I’m importing some data into a schema, and am getting the following error:
ReadTimeout: The 'objects' creation was cancelled because it took longer than the configured timeout of 60s. Try reducing the batch size (currently 1) to a lower value. Aim to on average complete batch request within less than 10s
I have set my batch size to 200 currently using with client.batch as batch and batch.batch_size= 200
, but am getting this error that says my batch size is 1. I add my objects using: client.batch.add_data_object(properties, class_name, vector)
Not sure what’s going wrong. The first ~1500 datapoints imported successfully, but now after these, I’m always getting this error and am unable to move forward. I would really appreciate some help with this. Thanks.
Hi @Siddhi_Bansal (I’ve moved this to the support category)
Would you be able to reproduce your code here? Maybe then we can take a look and help.
Thanks!
Hi @jphwang , thanks.
I’m calling a function called add_to_weaviate, which has the following code:
def add_to_weaviate(client, url, url_for_bucket_obj, text, max_tokens):
if ("/category/" not in url) and ("first-gen" not in url): # this is just some filtering
with client.batch as batch:
batch.batch_size=200
chunks = split_text_into_chunks(text, max_tokens)
count = 1
for chunk in chunks:
chunk_vector = text_embedding(chunk)
properties = {
"text": chunk,
"url": url
}
client.batch.add_data_object(properties, "Harness_Docs_Data_1500_Tokens", vector=chunk_vector)
@jphwang one thing I noticed: this error has started occurring only after my class has 1200 vectors - everything was working fine before that (maybe some kind of limit? - how can we remove this?). Thought this might help with the issue.
Right, thanks.
So, I think this message:
Try reducing the batch size (currently 1) to a lower value
Refers to the size of the current batch being tried - rather than the maximum size of the batch.
Based on that, it looks like the error happens with one object the batch. Which seems odd. I’ll ask around to see if anyone has an idea.
We’ve noticed a couple of things:
The function passes one text
per call - so each time the function is called, it will re-initialize a new batch process. Could you try refactoring the code like this?
def add_to_weaviate(batch, url, url_for_bucket_obj, text, max_tokens):
if ("/category/" not in url) and ("first-gen" not in url): # this is just some filtering
chunks = split_text_into_chunks(text, max_tokens)
count = 1
for chunk in chunks:
chunk_vector = text_embedding(chunk)
properties = {
"text": chunk,
"url": url
}
batch.add_data_object(properties, "Harness_Docs_Data_1500_Tokens", vector=chunk_vector)
with client.batch as batch:
batch.batch_size=200
...code that creates the texts....
add_to_weaviate(batch, ...)
But still, that shouldn’t necessarily create timeouts.
- Does the error always happen at the exact same point?

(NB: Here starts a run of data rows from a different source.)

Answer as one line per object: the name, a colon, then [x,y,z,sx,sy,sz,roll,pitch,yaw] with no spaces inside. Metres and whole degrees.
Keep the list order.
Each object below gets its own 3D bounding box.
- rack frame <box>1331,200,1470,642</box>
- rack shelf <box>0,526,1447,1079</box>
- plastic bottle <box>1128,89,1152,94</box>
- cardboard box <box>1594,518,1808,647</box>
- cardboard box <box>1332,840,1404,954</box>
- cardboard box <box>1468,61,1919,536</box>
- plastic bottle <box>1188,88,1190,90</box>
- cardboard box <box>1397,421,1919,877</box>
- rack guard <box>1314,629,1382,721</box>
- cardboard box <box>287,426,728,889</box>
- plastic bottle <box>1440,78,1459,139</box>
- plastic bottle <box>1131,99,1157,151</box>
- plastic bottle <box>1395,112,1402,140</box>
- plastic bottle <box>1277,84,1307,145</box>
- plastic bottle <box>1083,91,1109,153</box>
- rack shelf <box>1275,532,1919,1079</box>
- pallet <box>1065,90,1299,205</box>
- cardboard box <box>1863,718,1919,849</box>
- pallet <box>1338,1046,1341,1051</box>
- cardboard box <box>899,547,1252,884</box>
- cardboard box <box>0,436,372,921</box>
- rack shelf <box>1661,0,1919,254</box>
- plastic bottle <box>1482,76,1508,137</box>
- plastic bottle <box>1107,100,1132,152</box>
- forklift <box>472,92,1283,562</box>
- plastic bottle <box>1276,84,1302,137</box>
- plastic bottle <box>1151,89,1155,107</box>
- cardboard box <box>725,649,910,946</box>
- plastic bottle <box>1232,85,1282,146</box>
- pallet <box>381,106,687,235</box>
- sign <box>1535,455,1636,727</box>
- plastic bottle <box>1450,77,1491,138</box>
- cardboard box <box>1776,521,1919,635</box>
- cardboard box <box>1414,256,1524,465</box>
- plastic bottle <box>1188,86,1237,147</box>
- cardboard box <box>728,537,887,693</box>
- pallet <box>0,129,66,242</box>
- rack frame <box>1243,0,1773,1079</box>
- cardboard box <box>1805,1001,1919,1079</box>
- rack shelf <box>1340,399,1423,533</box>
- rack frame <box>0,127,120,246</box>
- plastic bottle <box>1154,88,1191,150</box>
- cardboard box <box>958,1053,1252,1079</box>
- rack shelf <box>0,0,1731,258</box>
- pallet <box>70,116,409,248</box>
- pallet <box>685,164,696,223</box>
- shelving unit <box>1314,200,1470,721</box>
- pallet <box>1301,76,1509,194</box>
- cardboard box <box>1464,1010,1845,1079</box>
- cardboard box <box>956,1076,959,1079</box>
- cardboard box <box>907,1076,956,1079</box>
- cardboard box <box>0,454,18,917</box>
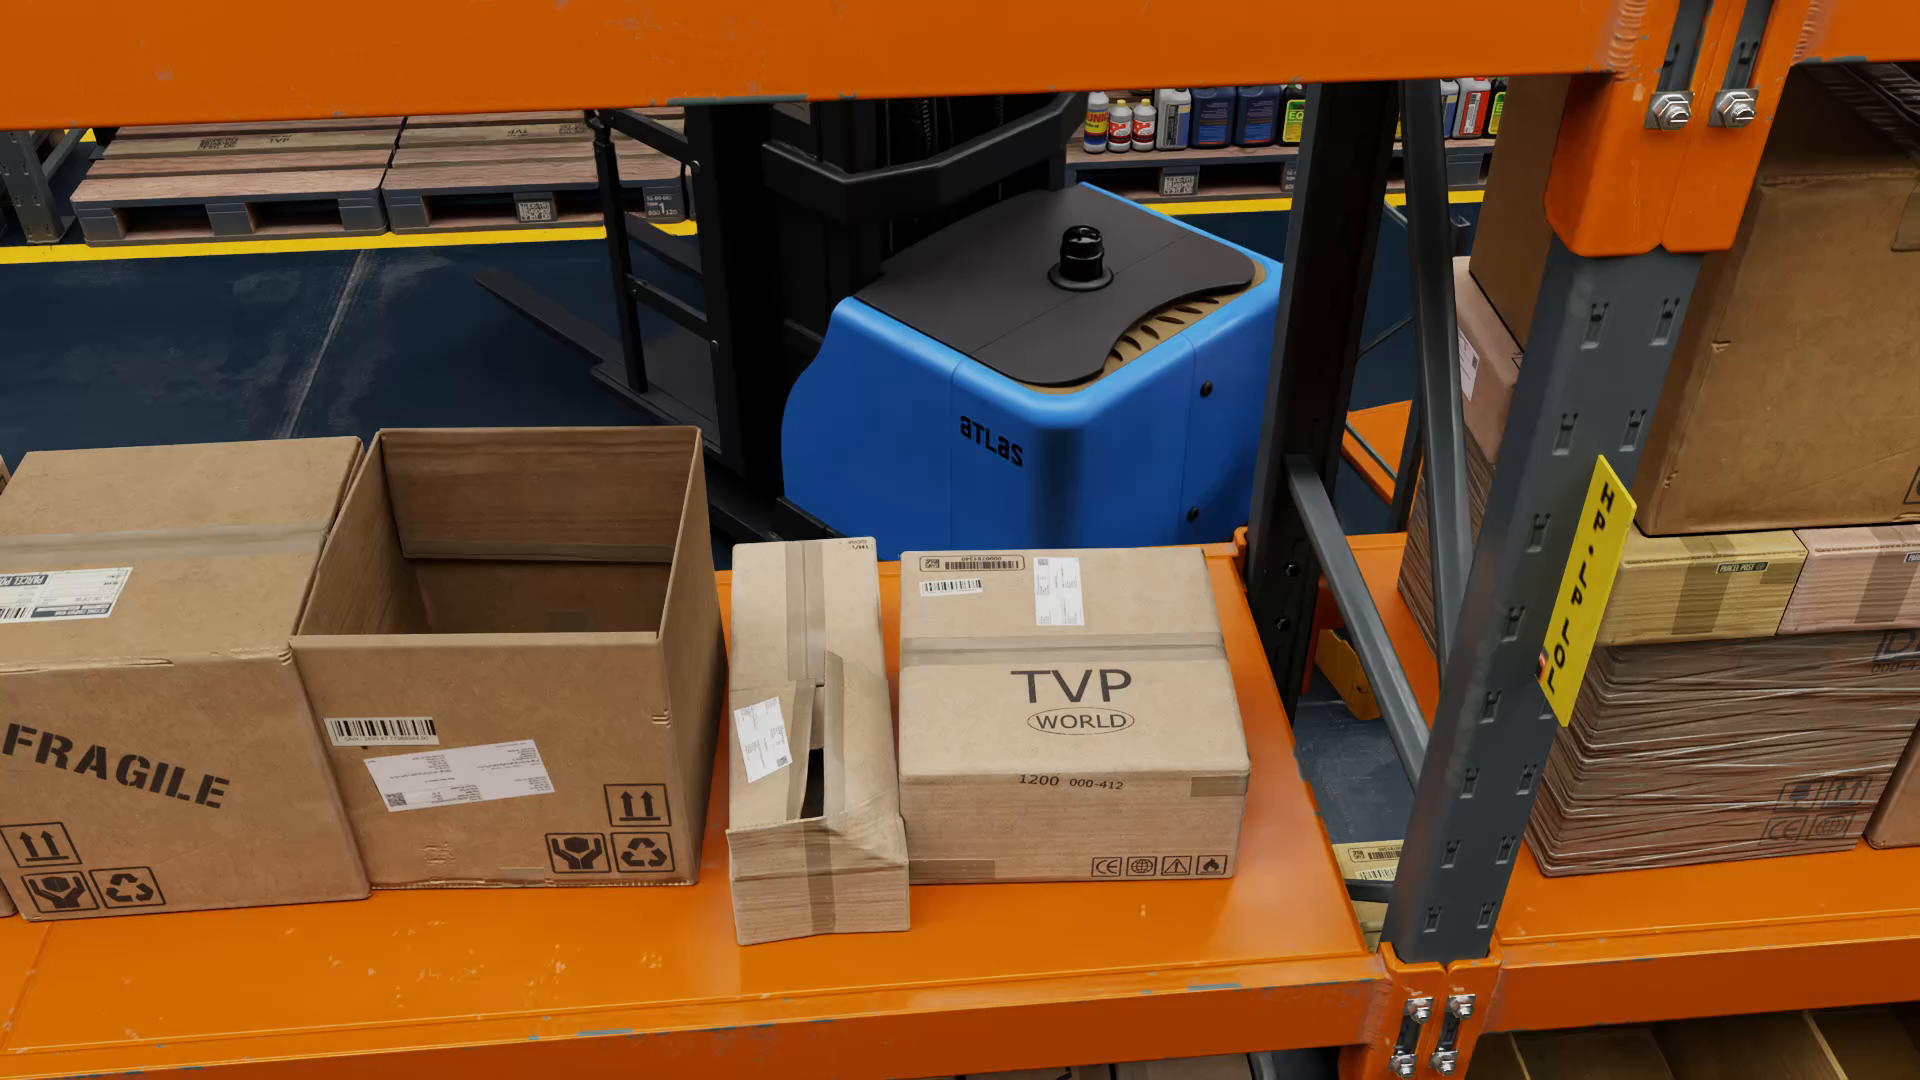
rack frame: [1.049,-0.262,4.370,0.032,1.500,0.500,-12,40,-15]
rack shelf: [-1.348,0.543,2.721,4.000,0.370,1.077,-3,38,-4]
plastic bottle: [0.838,-2.163,7.353,0.185,0.351,0.144,-3,38,-4]
cardboard box: [0.929,-0.038,2.273,0.250,0.149,0.380,-3,38,-4]
cardboard box: [1.087,0.905,3.562,0.500,0.250,0.500,-3,38,-4]
cardboard box: [1.086,-0.426,2.240,0.500,0.500,0.700,-3,38,-4]
plastic bottle: [1.037,-1.916,7.039,0.185,0.351,0.144,-3,38,-4]
cardboard box: [1.086,0.083,2.642,0.500,0.500,0.700,-4,38,-5]
rack guard: [1.051,0.227,4.759,0.087,0.250,0.587,-12,40,-15]
cardboard box: [-0.647,0.173,2.529,0.500,0.500,0.500,-1,38,-1]
plastic bottle: [2.011,-1.853,7.020,0.135,0.276,0.152,-4,38,-5]
plastic bottle: [0.768,-1.738,6.935,0.097,0.201,0.097,0,38,0]
plastic bottle: [1.847,-1.870,6.982,0.185,0.351,0.144,-2,38,-2]
plastic bottle: [1.406,-1.794,6.940,0.133,0.283,0.061,-2,38,-2]
plastic bottle: [0.565,-1.754,6.899,0.097,0.271,0.097,0,38,0]
rack shelf: [2.636,0.324,2.999,4.000,0.370,1.077,-3,38,-4]
pallet: [0.882,-1.822,7.389,1.213,0.211,1.003,-3,38,-4]
cardboard box: [1.610,0.050,2.684,0.500,0.500,0.700,-4,38,-4]
pallet: [1.440,1.228,3.523,1.213,0.211,1.003,-3,38,-4]
cardboard box: [0.158,0.264,2.615,0.500,0.250,0.500,-1,38,-1]
cardboard box: [-1.146,0.200,2.494,0.500,0.500,0.500,-3,38,-4]
rack shelf: [2.636,-0.854,2.070,4.000,0.370,1.077,-3,38,-4]
plastic bottle: [2.288,-1.842,7.001,0.133,0.283,0.061,-2,38,-3]
plastic bottle: [0.667,-1.732,6.928,0.097,0.201,0.097,0,38,0]
forklift: [-0.485,-1.453,4.726,3.031,2.935,1.130,31,48,33]
plastic bottle: [1.381,-1.837,7.004,0.097,0.271,0.097,0,38,0]
plastic bottle: [0.875,-1.859,7.022,0.133,0.283,0.061,-3,38,-4]
cardboard box: [-0.215,0.365,2.474,0.258,0.266,0.396,-4,38,-5]
plastic bottle: [1.238,-1.837,6.940,0.185,0.351,0.144,-5,39,-6]
pallet: [-1.788,-1.675,7.202,1.213,0.211,1.003,-3,38,-4]
sign: [0.702,0.062,1.879,0.005,0.325,0.100,-3,38,-4]
plastic bottle: [2.149,-1.860,7.030,0.135,0.276,0.152,-3,38,-4]
cardboard box: [1.179,-0.052,2.290,0.250,0.149,0.380,-3,38,-3]
cardboard box: [0.896,-0.290,2.592,0.250,0.149,0.380,-3,38,-4]
plastic bottle: [1.050,-1.827,6.927,0.185,0.351,0.144,-2,38,-3]
cardboard box: [-0.257,0.172,2.813,0.250,0.149,0.380,-3,38,-4]
pallet: [-4.557,-1.522,7.009,1.213,0.211,1.003,-3,38,-4]
rack frame: [0.644,0.151,2.637,0.127,3.000,1.000,-3,38,-4]
cardboard box: [1.631,0.906,2.955,0.500,0.500,0.500,-3,38,-4]
rack shelf: [1.530,-0.225,4.612,1.000,0.185,0.538,-12,40,-15]
rack frame: [-3.775,-2.686,6.233,0.127,3.000,1.000,-3,38,-4]
plastic bottle: [0.885,-1.791,6.942,0.135,0.276,0.152,-2,38,-2]
cardboard box: [0.266,1.044,2.933,0.500,0.311,0.500,-3,38,-4]
rack shelf: [-1.348,-0.635,1.792,4.000,0.370,1.077,-3,38,-4]
pallet: [-3.000,-1.610,7.120,1.213,0.211,1.003,-3,38,-4]
pallet: [-0.570,-1.744,7.290,1.213,0.211,1.003,-3,38,-4]
shelving unit: [1.521,-0.364,4.497,1.083,1.500,0.587,-12,40,-15]
pallet: [2.100,-1.891,7.476,1.213,0.211,1.003,-3,38,-4]
cardboard box: [1.134,0.939,2.914,0.500,0.500,0.500,-3,38,-4]
cardboard box: [0.257,1.267,3.103,0.500,0.250,0.500,-3,38,-4]
cardboard box: [-0.252,1.077,2.892,0.500,0.311,0.500,-2,38,-3]
cardboard box: [-1.670,0.229,2.458,0.500,0.500,0.500,-5,39,-6]

- How are you running Weaviate? (What version, where is it running, etc.) and are you able to take a look at the logs?
Note to others for future reference - the user had downgraded from 1.20 to 1.19 in this instance.
Downgrading is not always supported - such as in this case from 1.20
to 1.19
. Please check the documentation, for example our release blogs for such information.